失身的嶽母

正午時分,我駕著那輛破吉普終于來到了目的地,剛好趕上午飯。嶽父前兩天便已到達,本來我和嶽母應該昨天傍晚過來,但昨天路上不巧下了場暴風雨,電線桿子颳倒了好幾根。而我新領駕照不久,爲安全起見,不得不在路途歇息一宿,好在今天立時恢複往昔的晴朗天氣,故今天中午也算平安來到嶽父的老家。妻子則趕今晚的末班車,明早還來得及參加落梁儀式。就這樣,一家四口因種種原因居然分三撥人上路,也算有趣。

筵席已經擺開,今天兩頓照例請自家親戚,明天早上舉行儀式後,中午請村裏的鄰居好友大吃一頓就可以動手蓋樓了。這裏習俗比較多也很煩瑣,不論大事小事都要大擺筵席並舉行各種儀式。這次請客的原因是因爲嶽父的大哥要蓋個小樓居住,而建房在當地是特別隆重的一件事,所以辦得相當熱鬧。

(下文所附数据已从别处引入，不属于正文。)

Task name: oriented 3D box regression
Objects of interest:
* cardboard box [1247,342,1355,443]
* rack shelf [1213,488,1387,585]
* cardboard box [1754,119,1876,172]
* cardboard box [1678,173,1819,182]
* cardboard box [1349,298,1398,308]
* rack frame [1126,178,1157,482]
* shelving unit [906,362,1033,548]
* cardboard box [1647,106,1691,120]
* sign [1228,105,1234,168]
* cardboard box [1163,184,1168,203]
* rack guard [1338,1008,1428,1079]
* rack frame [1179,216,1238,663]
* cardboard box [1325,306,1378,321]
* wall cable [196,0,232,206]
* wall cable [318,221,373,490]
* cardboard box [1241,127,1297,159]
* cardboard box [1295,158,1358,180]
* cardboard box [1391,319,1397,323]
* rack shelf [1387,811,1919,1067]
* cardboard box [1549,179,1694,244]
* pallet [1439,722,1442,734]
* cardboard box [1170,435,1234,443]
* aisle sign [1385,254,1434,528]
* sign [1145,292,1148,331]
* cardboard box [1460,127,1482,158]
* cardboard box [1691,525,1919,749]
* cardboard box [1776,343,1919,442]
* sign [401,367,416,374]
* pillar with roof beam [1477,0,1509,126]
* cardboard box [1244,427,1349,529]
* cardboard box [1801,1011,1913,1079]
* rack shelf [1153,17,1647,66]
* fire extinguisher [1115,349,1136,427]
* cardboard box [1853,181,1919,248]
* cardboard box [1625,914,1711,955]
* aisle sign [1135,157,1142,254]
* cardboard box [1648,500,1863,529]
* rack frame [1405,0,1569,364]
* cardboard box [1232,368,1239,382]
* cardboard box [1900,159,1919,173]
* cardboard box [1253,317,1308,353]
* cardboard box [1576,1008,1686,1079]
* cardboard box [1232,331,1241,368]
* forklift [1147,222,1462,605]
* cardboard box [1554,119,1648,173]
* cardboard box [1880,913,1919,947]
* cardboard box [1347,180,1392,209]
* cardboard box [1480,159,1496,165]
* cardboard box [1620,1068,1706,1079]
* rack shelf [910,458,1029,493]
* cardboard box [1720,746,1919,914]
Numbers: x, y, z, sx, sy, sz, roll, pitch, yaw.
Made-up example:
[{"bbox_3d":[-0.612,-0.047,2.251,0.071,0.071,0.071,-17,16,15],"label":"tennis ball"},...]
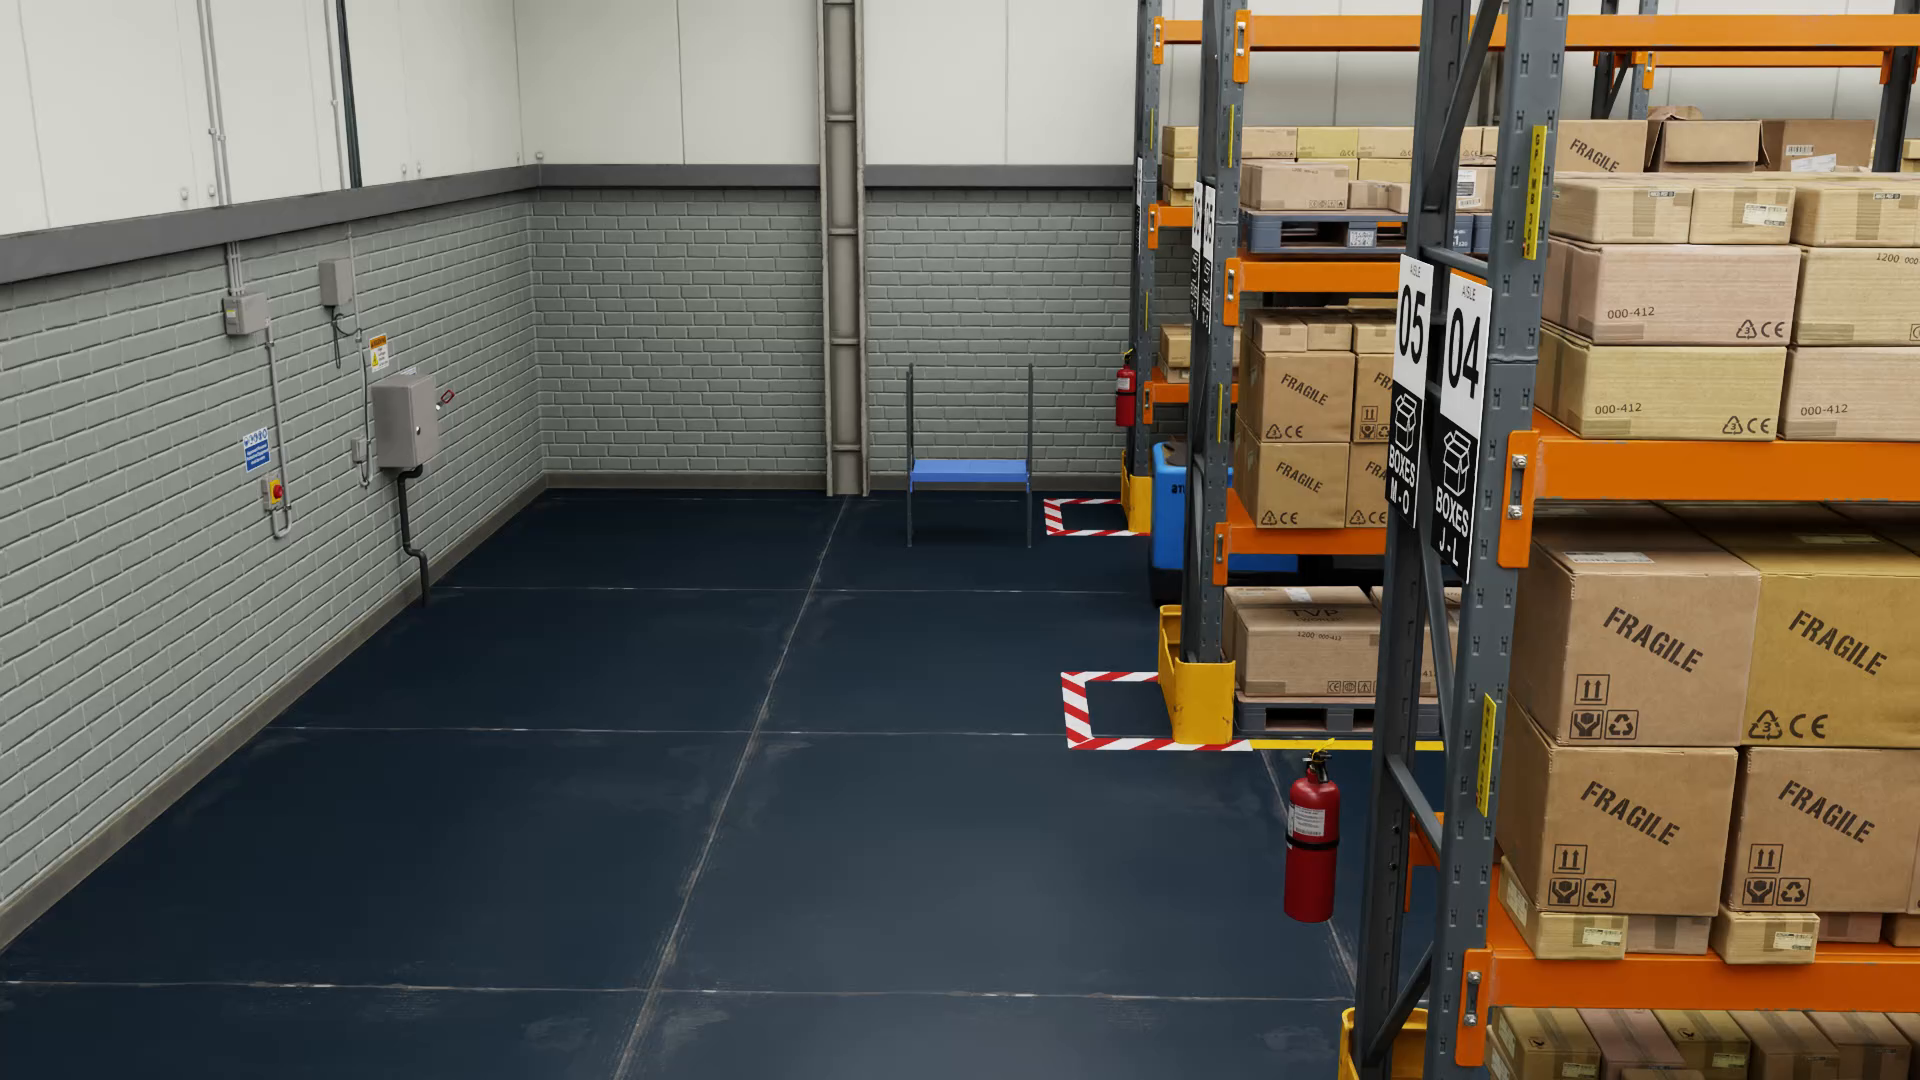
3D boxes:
[{"bbox_3d":[1.945,-0.852,9.532,0.500,0.500,0.500,0,15,0],"label":"cardboard box"},{"bbox_3d":[3.472,-0.035,10.002,4.000,0.370,1.077,0,15,1],"label":"rack shelf"},{"bbox_3d":[4.889,-2.177,9.617,0.500,0.500,0.500,1,15,2],"label":"cardboard box"},{"bbox_3d":[2.288,-0.990,4.864,0.250,0.149,0.380,0,15,0],"label":"cardboard box"},{"bbox_3d":[3.542,-2.014,14.335,0.500,0.500,0.500,1,15,3],"label":"cardboard box"},{"bbox_3d":[1.596,-1.662,14.758,0.127,3.000,1.000,0,15,1],"label":"rack frame"},{"bbox_3d":[0.085,-0.725,14.147,1.048,1.500,0.538,0,15,1],"label":"shelving unit"},{"bbox_3d":[5.887,-3.469,13.807,0.258,0.266,0.396,0,15,1],"label":"cardboard box"},{"bbox_3d":[1.453,-2.166,8.919,0.005,0.325,0.100,0,15,1],"label":"sign"},{"bbox_3d":[1.922,-3.047,14.623,0.250,0.149,0.380,1,15,3],"label":"cardboard box"},{"bbox_3d":[1.523,2.076,5.490,0.348,0.500,1.175,0,15,1],"label":"rack guard"},{"bbox_3d":[1.473,-0.396,9.960,0.127,3.000,1.000,0,15,1],"label":"rack frame"},{"bbox_3d":[2.351,-1.314,10.014,0.250,0.149,0.380,0,15,1],"label":"cardboard box"},{"bbox_3d":[-4.221,-3.262,9.063,0.029,3.000,0.463,0,15,1],"label":"wall cable"},{"bbox_3d":[-4.140,-1.280,11.318,0.122,1.984,0.588,0,15,1],"label":"wall cable"},{"bbox_3d":[2.541,-3.350,14.008,0.500,0.250,0.500,0,15,1],"label":"cardboard box"},{"bbox_3d":[3.052,-3.106,14.064,0.500,0.250,0.500,0,15,0],"label":"cardboard box"},{"bbox_3d":[2.605,-1.157,9.417,0.250,0.149,0.380,0,15,0],"label":"cardboard box"},{"bbox_3d":[3.447,1.228,5.215,4.000,0.370,1.077,0,15,1],"label":"rack shelf"},{"bbox_3d":[1.765,-0.885,4.466,0.250,0.149,0.380,0,15,1],"label":"cardboard box"},{"bbox_3d":[3.491,0.947,10.339,1.213,0.211,1.003,0,15,1],"label":"pallet"},{"bbox_3d":[2.205,-0.629,14.916,0.637,0.503,0.797,0,15,-1],"label":"cardboard box"},{"bbox_3d":[1.382,-0.467,5.133,0.004,0.787,0.394,0,15,1],"label":"aisle sign"},{"bbox_3d":[1.582,-1.942,14.123,0.005,0.325,0.100,0,15,1],"label":"sign"},{"bbox_3d":[4.070,-3.347,13.998,0.500,0.250,0.500,1,15,2],"label":"cardboard box"},{"bbox_3d":[2.394,0.264,4.721,0.500,0.500,0.500,1,15,3],"label":"cardboard box"},{"bbox_3d":[2.416,-0.438,4.534,0.500,0.250,0.500,1,15,3],"label":"cardboard box"},{"bbox_3d":[-4.160,-1.043,12.598,0.001,0.494,0.329,0,15,1],"label":"sign"},{"bbox_3d":[4.812,-3.673,10.621,0.400,9.000,9.100,0,15,1],"label":"pillar with roof beam"},{"bbox_3d":[1.945,-0.368,9.658,0.500,0.500,0.500,0,15,1],"label":"cardboard box"},{"bbox_3d":[3.022,1.685,5.673,0.250,0.149,0.380,1,15,4],"label":"cardboard box"},{"bbox_3d":[3.595,-4.200,14.035,4.000,0.370,1.077,0,15,1],"label":"rack shelf"},{"bbox_3d":[1.437,-1.327,14.372,0.183,0.674,0.296,0,15,1],"label":"fire extinguisher"},{"bbox_3d":[2.532,-0.857,4.359,0.250,0.149,0.380,1,15,2],"label":"cardboard box"},{"bbox_3d":[2.018,1.066,4.914,0.250,0.149,0.380,1,15,3],"label":"cardboard box"},{"bbox_3d":[1.520,-2.844,14.144,0.004,0.787,0.394,0,15,1],"label":"aisle sign"},{"bbox_3d":[2.418,0.135,5.211,0.500,0.500,0.500,0,15,0],"label":"cardboard box"},{"bbox_3d":[1.447,-2.033,4.407,0.127,3.000,1.000,0,15,1],"label":"rack frame"},{"bbox_3d":[2.436,-1.485,14.582,0.250,0.149,0.380,0,15,1],"label":"cardboard box"},{"bbox_3d":[7.947,-3.136,13.979,0.250,0.149,0.380,1,15,3],"label":"cardboard box"},{"bbox_3d":[1.821,-1.168,9.461,0.250,0.149,0.380,1,15,3],"label":"cardboard box"},{"bbox_3d":[2.233,1.710,5.577,0.250,0.149,0.380,1,15,3],"label":"cardboard box"},{"bbox_3d":[2.547,-1.658,14.455,0.500,0.250,0.500,1,15,2],"label":"cardboard box"},{"bbox_3d":[2.973,-1.003,12.397,3.031,2.935,1.130,1,15,4],"label":"forklift"},{"bbox_3d":[3.484,-2.094,9.303,0.500,0.500,0.500,1,15,2],"label":"cardboard box"},{"bbox_3d":[2.819,1.056,4.951,0.250,0.149,0.380,0,15,1],"label":"cardboard box"},{"bbox_3d":[2.346,-2.014,9.686,0.250,0.149,0.380,-1,15,-3],"label":"cardboard box"},{"bbox_3d":[4.586,-3.097,14.030,0.500,0.250,0.500,0,15,0],"label":"cardboard box"},{"bbox_3d":[2.241,1.816,5.175,0.250,0.149,0.380,1,15,2],"label":"cardboard box"},{"bbox_3d":[0.085,-0.551,14.192,1.000,0.185,0.538,0,15,1],"label":"rack shelf"},{"bbox_3d":[2.425,0.745,4.855,0.500,0.500,0.500,0,15,2],"label":"cardboard box"}]

上首三桌都是長輩和直系本家落座,嶽母沒隨夫姓,所以退到院落旁邊坐到靠牆的桌子上,我更是和嶽父一家沒有任何血緣關係,也面對院落背靠牆壁緊挨嶽母坐下。嶽父大哥的老婆過來陪嶽母一起坐,算是給嶽母面子。其實我和嶽母自小在城市裏長大,並不看重座次這類虛名,嶽母一直挂著淺淺的笑,雪白的皮膚和微微發福但絕不走形的身材和四周的婦女形成強烈對比。

長者一聲令下,筵席正式開始,看起來不少人都是海量,沒過多久就一片猜拳嬉鬧的吵聲。我環視四周,見沒人注意,悄悄把左手放到桌子下,摸索到嶽母的大腿,掀開黑色裙擺,撫摸白嫩的大腿內側。嶽母抿著嘴淺笑,一副若無其事的樣子,大腿卻暗暗用力夾緊我的手掌令我動彈不得,就如昨晚緊緊夾住我的陰莖一樣。

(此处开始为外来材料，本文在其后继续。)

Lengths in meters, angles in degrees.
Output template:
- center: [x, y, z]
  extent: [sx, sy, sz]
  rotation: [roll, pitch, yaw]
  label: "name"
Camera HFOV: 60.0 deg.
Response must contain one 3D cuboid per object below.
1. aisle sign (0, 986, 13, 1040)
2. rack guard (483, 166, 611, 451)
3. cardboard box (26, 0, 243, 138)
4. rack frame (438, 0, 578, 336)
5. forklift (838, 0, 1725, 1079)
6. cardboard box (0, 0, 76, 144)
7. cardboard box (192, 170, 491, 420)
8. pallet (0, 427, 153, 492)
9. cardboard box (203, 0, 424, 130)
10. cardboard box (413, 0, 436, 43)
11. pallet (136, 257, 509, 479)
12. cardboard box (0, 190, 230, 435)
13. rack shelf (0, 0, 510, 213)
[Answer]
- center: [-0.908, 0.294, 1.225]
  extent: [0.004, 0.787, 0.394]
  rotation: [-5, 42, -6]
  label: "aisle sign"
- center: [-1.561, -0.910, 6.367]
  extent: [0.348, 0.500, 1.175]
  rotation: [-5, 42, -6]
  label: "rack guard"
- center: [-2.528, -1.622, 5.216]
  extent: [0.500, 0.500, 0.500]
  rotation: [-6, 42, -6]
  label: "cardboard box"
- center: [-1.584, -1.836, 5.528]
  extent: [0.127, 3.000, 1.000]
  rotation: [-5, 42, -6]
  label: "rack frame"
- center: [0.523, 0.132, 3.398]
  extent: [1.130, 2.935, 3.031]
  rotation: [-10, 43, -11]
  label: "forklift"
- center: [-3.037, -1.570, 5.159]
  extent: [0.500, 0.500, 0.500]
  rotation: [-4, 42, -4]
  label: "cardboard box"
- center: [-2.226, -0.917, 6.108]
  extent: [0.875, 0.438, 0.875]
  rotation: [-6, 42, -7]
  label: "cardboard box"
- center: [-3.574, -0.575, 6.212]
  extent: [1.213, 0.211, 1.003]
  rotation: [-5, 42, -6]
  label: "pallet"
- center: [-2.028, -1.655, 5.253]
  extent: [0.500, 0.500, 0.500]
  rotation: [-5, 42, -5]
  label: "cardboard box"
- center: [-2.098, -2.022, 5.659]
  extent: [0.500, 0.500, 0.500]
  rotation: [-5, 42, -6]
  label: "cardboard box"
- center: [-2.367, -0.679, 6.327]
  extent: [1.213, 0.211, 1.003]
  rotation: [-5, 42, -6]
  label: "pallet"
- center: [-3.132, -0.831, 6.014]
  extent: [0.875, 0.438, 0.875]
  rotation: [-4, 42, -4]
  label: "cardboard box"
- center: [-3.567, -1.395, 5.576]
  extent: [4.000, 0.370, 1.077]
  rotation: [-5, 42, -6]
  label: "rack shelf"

此刻大伯母正和嶽母眉飛色舞的聊天,嶽母不時發出笑聲,誰也猜不到桌下我的手掌正和她的大腿展開著肉搏,最終還是我佔了上風,順著內側往上直抵陰戶。那隆起的陰戶是那樣飽滿誘人,第一次隨現在的妻子雲雲拜見未來嶽父嶽母就巧遇到她半邊陰戶。

當時嶽母去取櫃子最上層的對象,因爲太高在地面上放了個凳子,我討好的幫忙扶住凳子,不巧就見到裙下風光。嶽母那天穿了條非常窄小的三角褲,既小又緊,緊得隆起的陰戶從二指寬的內褲邊凸現出來,甚至看得到兩邊捲曲的陰毛,令我心中蕩漾了好一陣。從她的陰戶隆起程度推測,嶽母性慾旺盛,不知比她大12歲的嶽父能否有足夠體力滿足她。從那一刻起,嶽母的一舉手一投足總是令我聯想到她飽滿的陰戶,以至于當天告別她後在車裏和雲雲做愛時興奮異常,雲雲說我超水平發揮。她當然不知道剛才我一邊幹她一邊卻將胯下的人幻想成豐滿狐媚的嶽母……

我的手指隔著嶽母的內褲輕輕揉搓那條細縫,才一會就感到一片潮濕,而嶽母實在會演戲,不敢太過抗拒但面上一直挂著微笑。我得寸進尺把手指繞過褲邊伸進縫隙內,觸到一片濕滑溫暖的嫩肉。就在這時專管給賓客添酒的村民過來了,手中提著一大壺散裝白酒,我只好戀戀不捨的把手指抽出來,並當著嶽母的面放進嘴裏很誇張的咂了咂。嶽母臉上終于呈現一抹潮紅,但很快又消退。

「老表遠道而來,多喝點啊……」村民給我的土碗斟滿酒,笑吟吟的說道。

我點頭稱謝,就當著他的面把嶽母悄悄放到桌子下整理內褲的手掌拉到我的胯間。

嶽母只要抗拒馬上就會被人發現異樣,所以她完全沒有反抗,乖乖的摸著逐漸膨脹的陰莖。斟酒的人走遠後,我把拉鏈拉開將肉棒掏出來,嶽母顯然嚇了一跳,但我隨即將西裝下擺蓋住她的手掌和我的陰莖。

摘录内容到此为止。